22.06.2012 – O que acontece no Paraguai, com o pedido inusitado de impedimento do presidente Fernando Lugo, e julgamento relâmpago, não se configuram em surpresa numa América Latina onde os golpes de estado são recorrentes. Basta lembrar o último golpe em Honduras (em 2009) que acabou, inclusive, respaldado com novas eleições totalmente ilegais. E isso não é obra do acaso ou da vontade de alguma força interna. Faz parte de um projeto de dominação dos Estados Unidos que não quer ver qualquer possibilidade de uma América livre e soberana. Mel Zelaya, em Honduras, foi deposto porque se acercou da Alba, comandada por Hugo Chávez.
Agora, os golpistas atuam no Paraguai, região estratégica, parte da tríplice fronteira tão cobiçada por sua riqueza energética. Fernando Lugo vem da teologia da libertação, tem caráter progressista, pendendo para a proposta de integração latino-americana, próximo de Chávez. Ao império isso já é suficiente para uma intervenção, mesmo que boa parte das políticas de Lugo não se distancie das velhas práticas neoliberais.

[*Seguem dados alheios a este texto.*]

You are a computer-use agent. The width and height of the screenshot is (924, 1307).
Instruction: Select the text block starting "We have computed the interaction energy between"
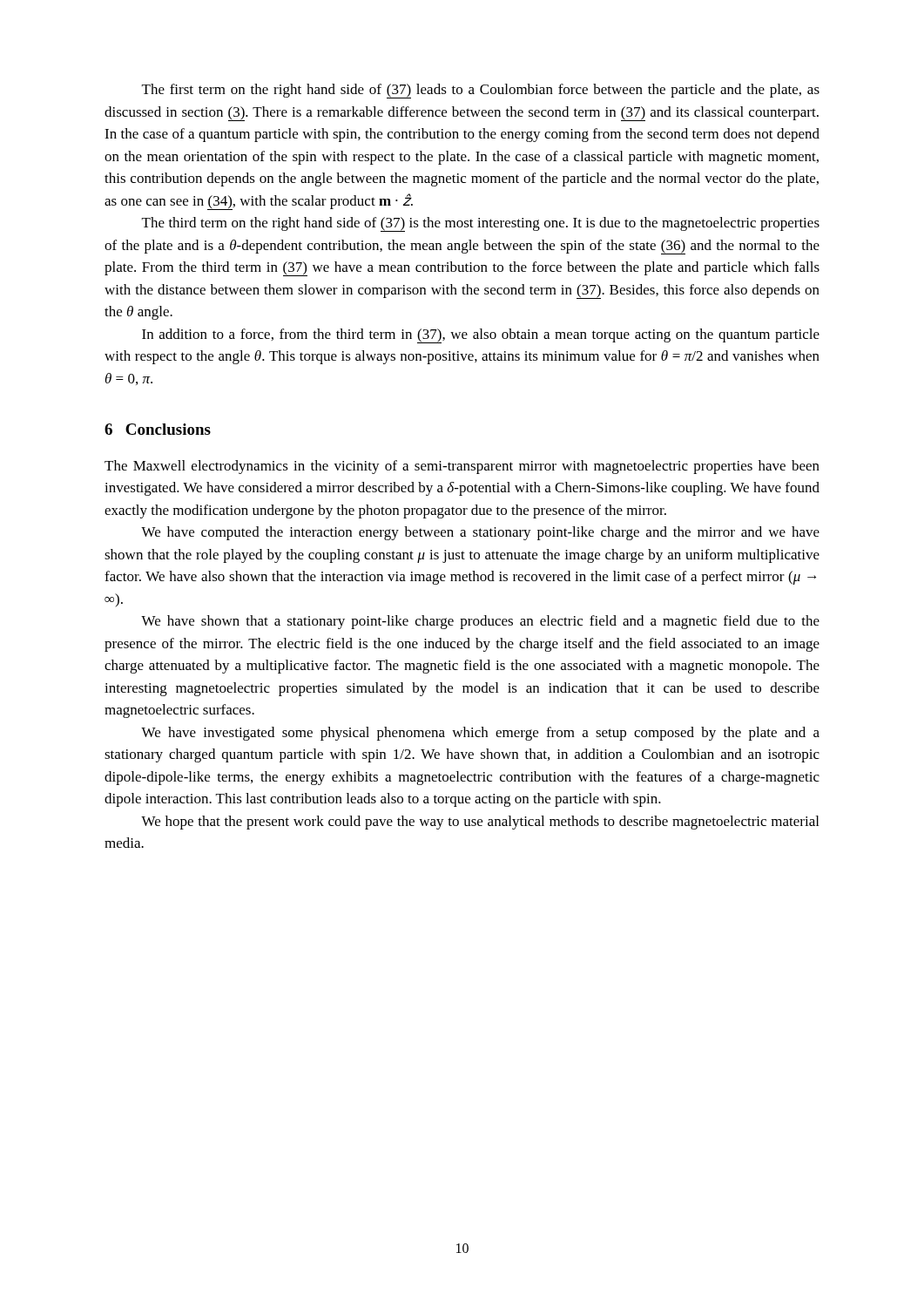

Na última semana, um conflito entre a polícia e camponeses na região de Curuguaty, a 250 quilômetros de Assunção, deixou seis policiais e 11 camponeses mortos, deu o motivo para que a velha e sempre desperta direita se mobilizasse. Por um lado, o confronto mostra que o campo está ardendo, que os camponeses estão em luta buscando mudar a imobilidade agrária do país. Para se ter uma ideia, durante o governo do ditador Strossner, mais de 10 milhões de hectares de terra foram distribuídos de forma ilegal aos seus aliados. Milhares de camponeses perderam suas terras criando o fenômeno dos sem-terra. Com a democratização do país, esses trabalhadores fortaleceram as lutas e o próprio presidente Lugo atuou junto com eles quando ainda não era o mandatário da nação.
O massacre de Curuguaty está envolto em mistérios. A mídia internacional e local divulga que havia, junto aos camponeses, membros de um grupo guerrilheiro e que foi o ataque desses membros que provocou a reação policial. Mas, nada está comprovado. O acontecido está sob investigação. O fato é que essa explicação é típica. Era o que se dizia do MST, no Brasil, quando a luta desse movimento começou. O que, é claro, ficou evidenciado como mentira. É mais provável que a infiltração seja de paramilitares, típicos dos contragolpes imperialistas.
O fato é que os congressistas viram aí um bom motivo para enfrentar e destruir o presidente Lugo. Os partidos tradicionais que sempre mantiveram de rédeas curtas o poder, seguiram em maioria no Congresso e a frágil aliança que garantiu a vitória ao presidente acabou sem força no parlamento. Colorados e Liberais têm, juntos, 29 das 45 cadeiras do Congresso. Nesse sentido, podem impor qualquer coisa que queiram. Assim, decidiram acusar o presidente pelo massacre e instituíram um processo de impedimento.
Algumas coisas são muito surpreendentes nesse caso. Primeiro, a elite política – boa parte aliada dos latifundiários – se viu, de um dia para outro, defensora dos pobres camponeses. E, segundo, definiu um processo de impedimento tão rápido, 24 horas, no qual a defesa presidencial teria direito a apenas duas horas. Conforme os advogados do presidente, em qualquer juízo a defesa tem 18 dias para preparar defesa, não há sentido de o presidente ser julgado em rito sumário, ainda mais que os motivos não se qualificam como passíveis de se exigir um impedimento. Quem acompanhou o debate desta sexta-feira no congresso paraguaio, pode observar o raivoso discurso dos congressistas contra os sem-terra, a favor do latifúndio, o que mostra muito bem o que está em jogo nessa ação golpista.
Ainda na sexta-feira, durante a sessão do congresso, chanceleres dos países da Unasur estiveram presentes e se manifestaram dizendo que o processo não estava sendo democrático e que todos gostariam de ver a ordem democrática ser respeitada. Foi feita a proposta de que o congresso seguisse os prazos, que discutisse melhor o tema e ouvisse o povo sob pena de uma decisão apressada, sem garantir direito a defesa, causar profunda comoção no país. “Se os congressistas não respeitarem o processo democrático será muito ruim para o povo paraguaio e para toda América Latina”, expressou Alí Rodríguez, secretário-geral da Unasur.